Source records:
########

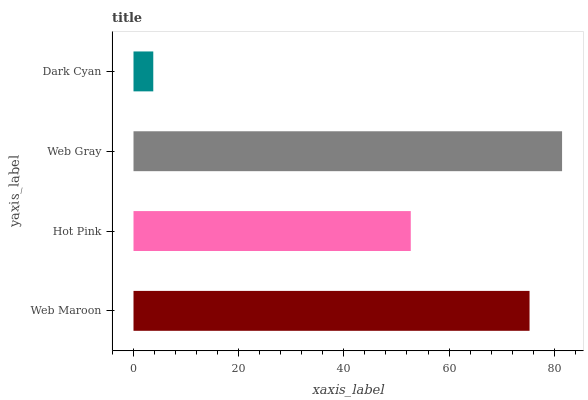Is Dark Cyan the minimum?
Answer yes or no. Yes. Is Web Gray the maximum?
Answer yes or no. Yes. Is Hot Pink the minimum?
Answer yes or no. No. Is Hot Pink the maximum?
Answer yes or no. No. Is Web Maroon greater than Hot Pink?
Answer yes or no. Yes. Is Hot Pink less than Web Maroon?
Answer yes or no. Yes. Is Hot Pink greater than Web Maroon?
Answer yes or no. No. Is Web Maroon less than Hot Pink?
Answer yes or no. No. Is Web Maroon the high median?
Answer yes or no. Yes. Is Hot Pink the low median?
Answer yes or no. Yes. Is Hot Pink the high median?
Answer yes or no. No. Is Web Maroon the low median?
Answer yes or no. No. 
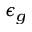<formula> <loc_0><loc_0><loc_500><loc_500>\epsilon _ { g }</formula> 
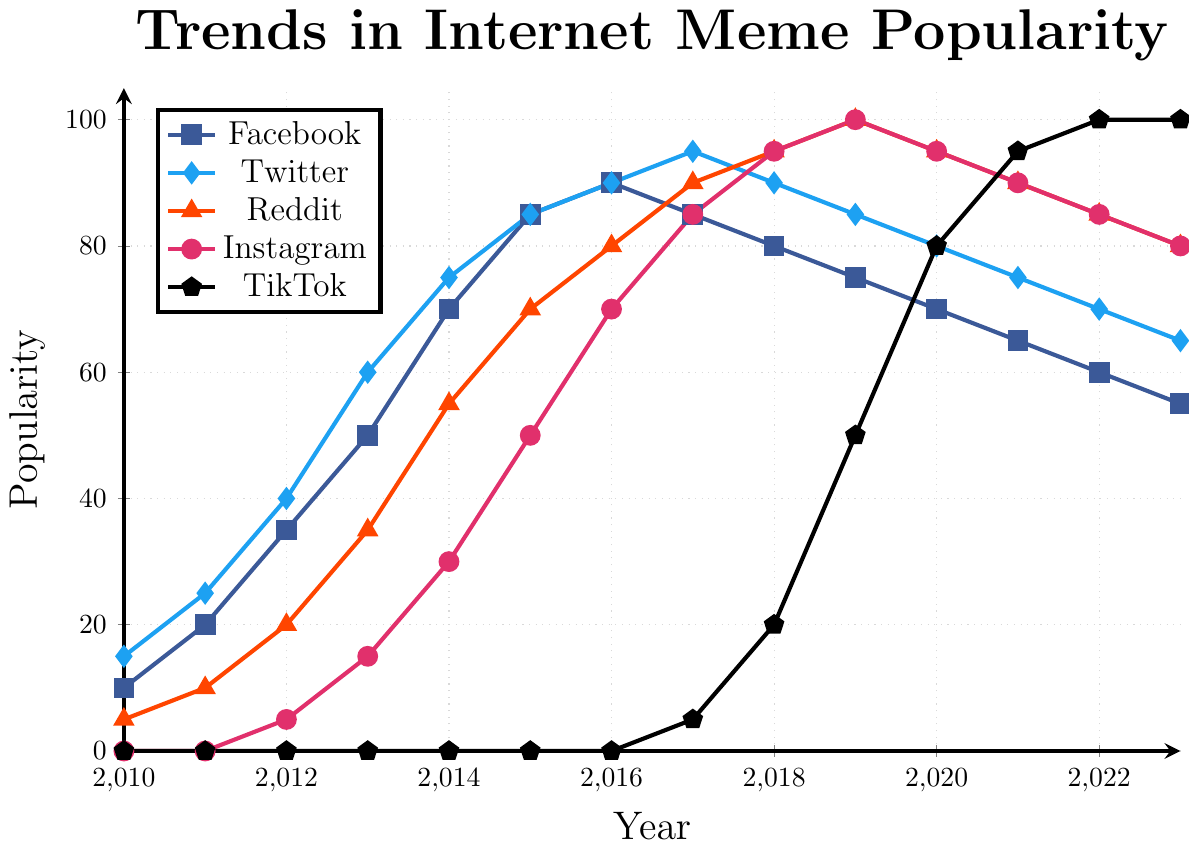What platform had the highest meme popularity in 2023? To find the platform with the highest meme popularity, look at the endpoint of each line on the chart in 2023. TikTok reaches the highest value of 100.
Answer: TikTok What is the difference in meme popularity between Twitter and Facebook in 2015? Locate the popularity values for both Twitter and Facebook in 2015. Twitter has a popularity of 85, and Facebook also has 85. The difference is 85 - 85 = 0.
Answer: 0 Which platform had the most significant increase in popularity from 2016 to 2017? Determine the change in popularity for each platform between 2016 and 2017. Calculate the difference for each: 
- Facebook: 85 - 90 = -5
- Twitter: 95 - 90 = 5
- Reddit: 90 - 80 = 10
- Instagram: 85 - 70 = 15
- TikTok: 5 - 0 = 5
The most significant increase is by Instagram, from 70 to 85, an increase of 15.
Answer: Instagram By how much did Reddit's meme popularity change from 2018 to 2019? Check the values for Reddit in 2018 and 2019. In 2018, Reddit is at 95, and in 2019, it's at 100. The change is 100 - 95 = 5.
Answer: 5 Which two platforms had equal meme popularity in 2019? In 2019, look for equal values on the y-axis for any platforms. Both Reddit and Instagram have a popularity of 100.
Answer: Reddit and Instagram What is the average meme popularity of TikTok from 2019 to 2023? Examine the values for TikTok from 2019 to 2023:
- 2019: 50
- 2020: 80
- 2021: 95
- 2022: 100
- 2023: 100
Sum these values: 50 + 80 + 95 + 100 + 100 = 425. The average is 425 / 5 = 85.
Answer: 85 Which platform had the steepest decline in popularity after 2016 and by how much? Identify the platform with the largest drop from 2016 onwards:
- Facebook: 90 -> 85 -> 80 -> 75 -> 70 -> 65 -> 60 -> 55 (decline of 35)
- Twitter: 90 -> 95 -> 90 -> 85 -> 80 -> 75 -> 70 -> 65 (decline of 25)
- Reddit: 80 -> 90 (increase thereafter)
- Instagram: 70 -> 85 (increase thereafter)
- TikTok: 0 -> 5 (increase thereafter)
The steepest decline is for Facebook, from 90 to 55, a decrease of 35.
Answer: Facebook by 35 What year did Instagram surpass Reddit in meme popularity for the first time? Compare Instagram and Reddit values year by year. Instagram surpasses Reddit in 2018 with values Instagram (95) and Reddit (95). Though they are equal in 2018, in 2019, Instagram reached 100, which is the same as Reddit. If re-check in 2017 the values, Instagram (85) and Reddit (90), Instagram surpassed by 2018.
Answer: 2018

########

HOW TO COMPLETE THIS TASK: Count how many lines of the entries include the string "equal". The number is the entire answer.

SOLUTION: 2